DOI: 10.12691/ajams-2-6-9

Received October 22, 2014; Revised December 04, 2014; Accepted December 19, 2014

**Copyright**© 2013 Science and Education Publishing. All Rights Reserved.

### Cite this article:

- Asamoah-Boaheng, Michael, Atinuke O. Adebanji, and Nkansah Ababio. "Comparing the Performance of Zero Mean Classification Functions under Unequal Misclassification Cost."
*American Journal of Applied Mathematics and Statistics*2.6 (2014): 409-415.

- Asamoah-Boaheng, M. , Adebanji, A. O. , & Ababio, N. (2014). Comparing the Performance of Zero Mean Classification Functions under Unequal Misclassification Cost.
*American Journal of Applied Mathematics and Statistics*,*2*(6), 409-415.

- Asamoah-Boaheng, Michael, Atinuke O. Adebanji, and Nkansah Ababio. "Comparing the Performance of Zero Mean Classification Functions under Unequal Misclassification Cost."
*American Journal of Applied Mathematics and Statistics*2, no. 6 (2014): 409-415.

Import into BibTeX | Import into EndNote | Import into RefMan | Import into RefWorks |

### 1. Introduction

The problem of equal mean classification or zero mean difference has posed a challenge to researchers for a long time and several attempts have been made at deriving parsimonious rules that address this hurdle. This study considered the equal mean discrimination problem by evaluating the performance of MECM and the QDF under the case of unequal misclassification cost. The problem of discrimination was first initiated by ^{[5]} in his paper titled “the use of multiple measurements in taxonomic problems”. Fishers approach to classification with two populations was based on arriving at a linear classification statistics using an entirely different argument. Fisher's idea was based on transforming multivariate observations '*x*' to univariate '*y*' observations such that 'y' being derived from either population one or population two were truly separated as much as possible ^{[9]}. ^{[8]} studied a variable selection criterion for linear discriminant rule and its optimality in high dimensional data where a new variable procedure was developed for selecting the true variable set. Also ^{[11]} studied discriminant analysis of multivariate time series and its application to diagnosis. They demonstrated with real and synthetic ECG data and concluded that their approach to classifying multivariate time series outperforms other well-known approaches for classifying multivariate time series.

^{[13]} first studied the problem of discrimination with common mean vector and with different covariance structure of two multidimensional normal populations. ^{[3]} considered the specific problem of zero-mean uniform discrimination. The problem was investigated for the case when the variance covariance matrices for the two groups were known to have uniform structures, with an assumption of equal and unequal correlation coefficients ().

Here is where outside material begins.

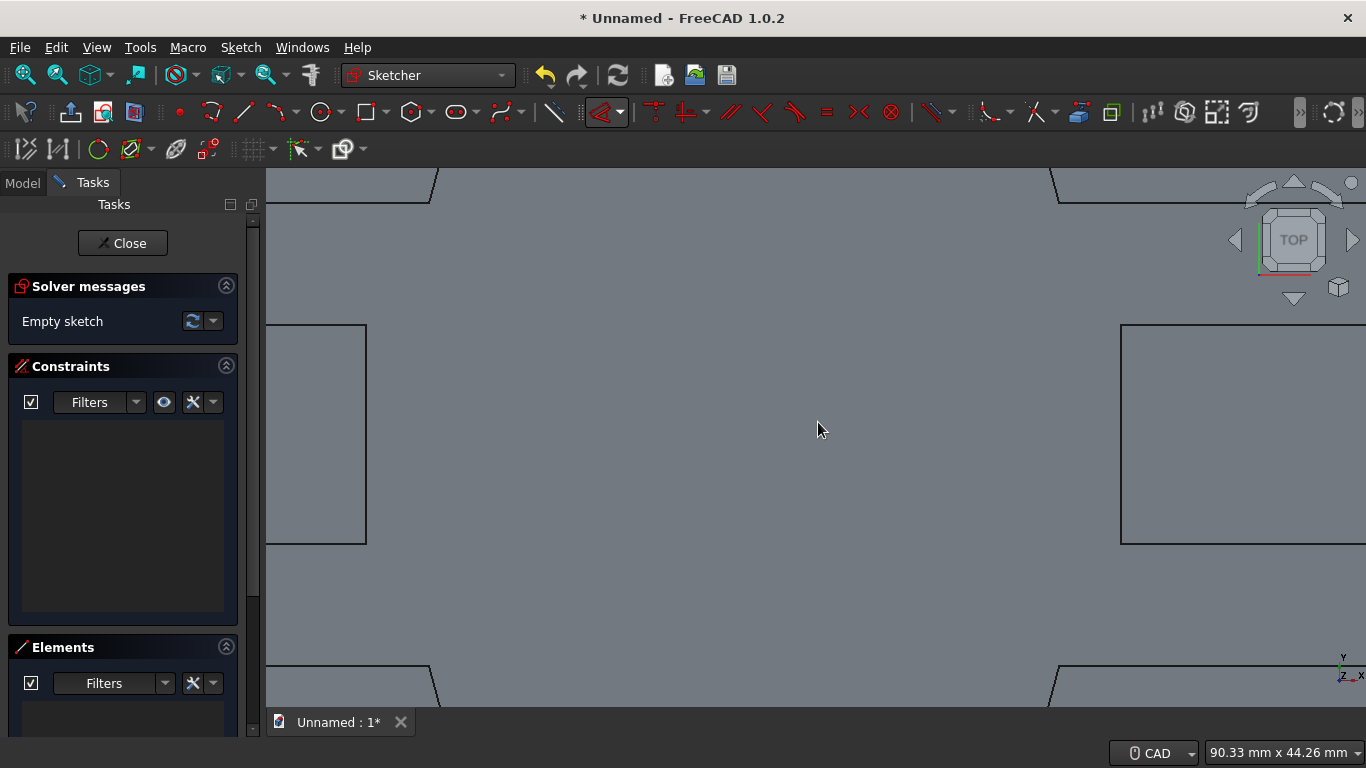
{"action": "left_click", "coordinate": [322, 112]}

A discriminant function based on equal correlation coefficient as well as uniform covariance matrix was obtained for classificatory purposes. ^{[4]} studied the same problem of common mean discrimination by focusing on the case where the difference of the means of the two groups are the zero vector. ^{[7]} based their discrimination on several methods in order to compare the performance of each of them after their application. They employed the classical approach, semi Bayesian and complete Bayesian approach, Discrimination with equal and unequal covariance matrices. ^{[10]} derived a simple model for discriminating among equal mean data for two populations and the problem of assigning observations to one of the two populations by an investigation into the covariance matrices of populations using the absolute deviations. He observed that the Absolute Linear Discriminant Function (ALDF) was almost as good as the QDF when the two groups are closer. In concluding, the derived absolute linear discriminant rule performed slightly worse than the quadratic discriminant rule as used earlier by ^{[3]} and ^{[4]}. His absolute linear rule performed reasonably well, after the data was contaminated by the introduction of outliers into the two groups/populations. On the other hand, the quadratic discriminant rule performed poorly after the contamination.

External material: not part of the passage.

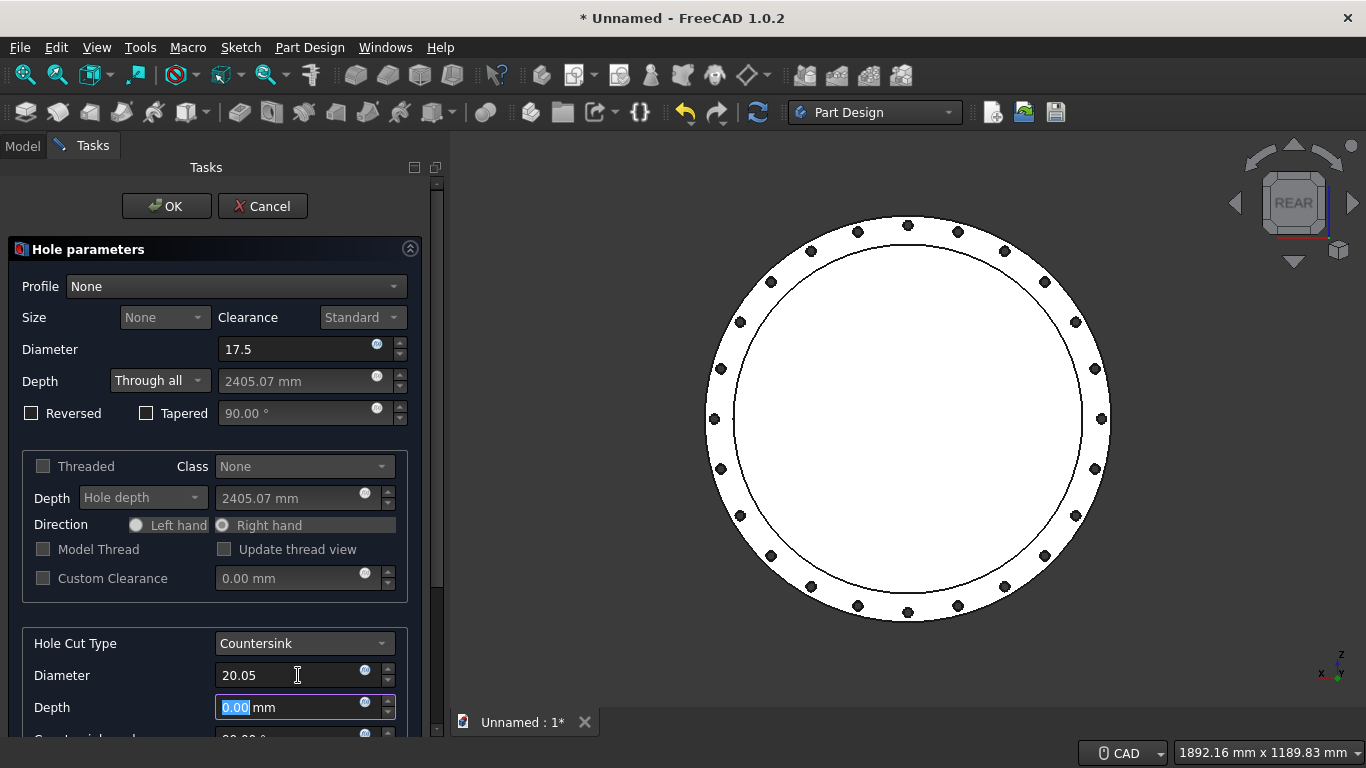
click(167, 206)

^{[12]} studied the asymptotic expected error rate for the equal-mean uniform-covariance discrimination problem. They approximated the unconditional expected error rate of the sample discriminant function up to the second order term and compared with the Monte Carlo simulation evaluated at several combinations of the parameters to ensure accuracy of the approximation of the error rate. ^{[2]} compared the performance of both Linear and Quadratic classifier under unequal cost of misclassification and concluded that both classifiers are insensitive to some specified cost ratios. They found that the procedures are insensitive to cost ratio exceeding ratio 1:2. ^{[1]} investigated the performance of the homoscedastic discriminant function (HDF) under the non-optional condition of unequal group representation (prior probabilities) in the population and the asymptotic performance of the classification function. The misclassification of observation from the smallest group increased when the sample size ratio exceeded the sampling ratio 1:2 and this resulted in increases in error rate and was not corrected by increases in the sample size.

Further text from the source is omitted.